Following that, netcdf also fails silently. See logs starting line 10977

checking whether the C compiler works... no
configure: error: in `/home/runner/work/hpc-stack/hpc-stack/mpich/pkg/netcdf-c-4.7.4/build':
configure: error: C compiler cannot create executables
See `config.log' for more details
call /home/runner/work/hpc-stack/hpc-stack/mpich/libs/build_netcdf.sh for netcdf build , log is /home/runner/work/hpc-stack/hpc-stack/mpich/log/netcdf.log 
BUILD SUCCESS! Lib: netcdf
natalie-perlin commented 1 year ago

@aerorahul @Hang-Lei-NOAA - I've made a couple more changes

The stack successfully builds with these changes on Orion, Gaea, Hera, MacOS, ParallelWorks AWS (tested manually). The GitHub checks seem all to pass now. Please let me know if it's OK to merge it.

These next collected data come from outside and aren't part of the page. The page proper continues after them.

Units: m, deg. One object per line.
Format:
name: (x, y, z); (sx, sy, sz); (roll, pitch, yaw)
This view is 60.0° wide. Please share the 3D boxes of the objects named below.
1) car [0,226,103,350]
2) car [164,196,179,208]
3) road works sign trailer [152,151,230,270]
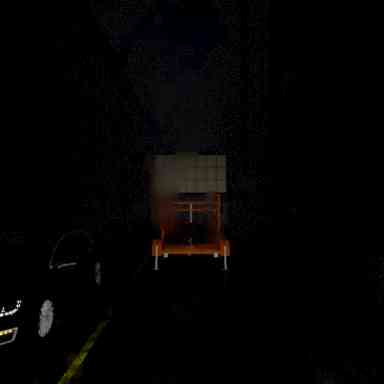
car: (-3.120, 1.504, 6.501); (1.837, 1.490, 4.892); (0, 0, 0)
car: (-3.264, 1.593, 48.599); (1.895, 1.301, 4.718); (0, 0, 0)
road works sign trailer: (-0.034, 0.463, 10.987); (2.380, 3.560, 2.880); (0, 0, 0)
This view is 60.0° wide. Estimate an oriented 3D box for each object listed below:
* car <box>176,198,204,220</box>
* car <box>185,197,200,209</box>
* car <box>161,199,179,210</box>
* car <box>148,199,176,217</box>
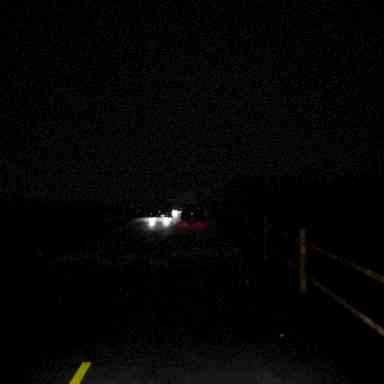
[{"bbox_3d":[0.010,1.462,28.087,2.128,1.511,4.902,0,0,0],"label":"car"},{"bbox_3d":[0.058,1.479,44.967,1.812,1.442,4.674,0,0,0],"label":"car"},{"bbox_3d":[-2.766,1.557,42.324,1.895,1.301,4.718,0,0,0],"label":"car"},{"bbox_3d":[-2.771,1.531,30.399,1.994,1.385,4.181,0,0,0],"label":"car"}]
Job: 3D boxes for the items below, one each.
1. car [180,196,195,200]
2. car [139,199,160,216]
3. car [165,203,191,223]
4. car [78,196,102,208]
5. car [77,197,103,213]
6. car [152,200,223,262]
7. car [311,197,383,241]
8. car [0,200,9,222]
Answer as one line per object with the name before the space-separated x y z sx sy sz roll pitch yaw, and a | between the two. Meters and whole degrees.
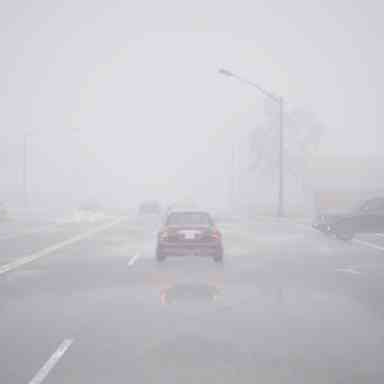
car | -0.641 1.369 49.251 2.097 1.767 4.553 0 0 -1
car | -3.984 1.470 32.621 1.882 1.535 5.008 0 0 0
car | -1.033 1.607 26.408 1.895 1.301 4.718 0 0 0
car | -14.747 1.441 48.362 2.128 1.511 4.902 0 0 0
car | -11.143 1.465 36.652 1.837 1.490 4.892 0 0 -1
car | -0.098 1.356 12.243 2.097 1.767 4.553 0 0 -1
car | 8.899 1.270 16.556 5.566 2.045 2.150 0 0 -1
car | -14.448 1.290 22.536 2.097 1.767 4.553 0 0 -1
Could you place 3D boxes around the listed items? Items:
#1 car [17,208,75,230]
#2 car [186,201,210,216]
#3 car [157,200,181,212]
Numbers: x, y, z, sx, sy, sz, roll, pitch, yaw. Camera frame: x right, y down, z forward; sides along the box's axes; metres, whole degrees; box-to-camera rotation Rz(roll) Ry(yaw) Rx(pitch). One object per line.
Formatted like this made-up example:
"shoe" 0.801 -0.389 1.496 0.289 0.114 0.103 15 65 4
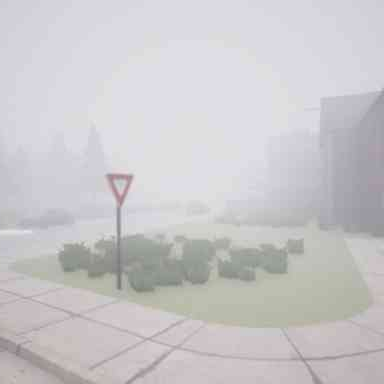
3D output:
"car" -10.410 1.878 23.990 1.994 1.385 4.181 -1 0 19
"car" 0.679 1.754 35.776 1.816 1.474 4.193 -7 -2 17
"car" -3.024 1.896 45.011 1.837 1.490 4.892 -1 -1 20
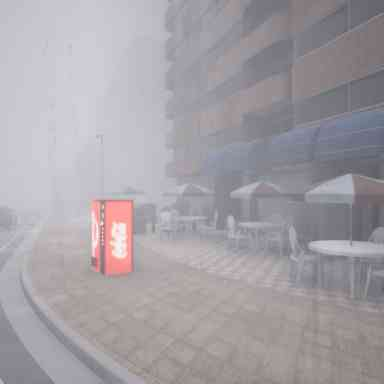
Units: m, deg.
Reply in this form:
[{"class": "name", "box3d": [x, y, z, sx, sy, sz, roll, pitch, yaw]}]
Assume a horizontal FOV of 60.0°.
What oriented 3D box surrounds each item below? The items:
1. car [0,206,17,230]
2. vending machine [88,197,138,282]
[{"class": "car", "box3d": [-12.217, 1.555, 20.784, 1.994, 1.385, 4.181, 0, 0, -22]}, {"class": "vending machine", "box3d": [-2.149, 1.193, 8.982, 1.100, 2.100, 0.880, 0, 0, -31]}]
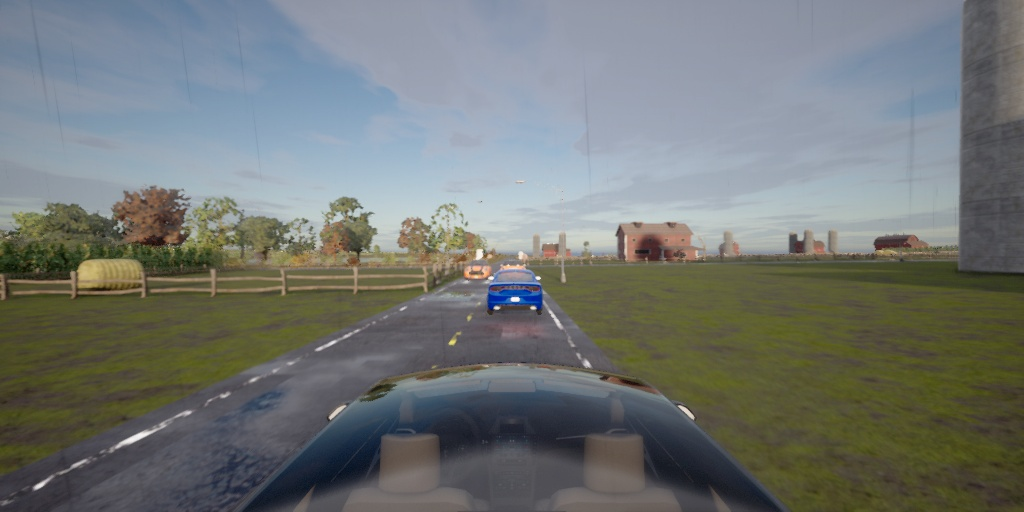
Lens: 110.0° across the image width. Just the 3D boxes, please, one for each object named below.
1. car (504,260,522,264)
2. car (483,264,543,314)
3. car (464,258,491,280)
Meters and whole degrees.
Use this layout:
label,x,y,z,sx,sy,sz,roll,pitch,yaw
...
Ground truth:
label,x,y,z,sx,sy,sz,roll,pitch,yaw
car,0.093,1.099,30.018,2.097,1.767,4.553,0,0,0
car,0.110,1.226,13.868,1.882,1.535,5.008,0,0,0
car,-2.853,1.098,30.955,2.097,1.767,4.553,0,0,0

aerorahul commented 1 year ago

@natalie-perlin I have triggered the Intel build. As soon as it completes, the PR can be merged. The disk-space issue is a red herring, I think.

natalie-perlin commented 1 year ago

@aerorahul - the Intel build was skipped.

aerorahul commented 1 year ago

I am going to ignore the failure and address it separately.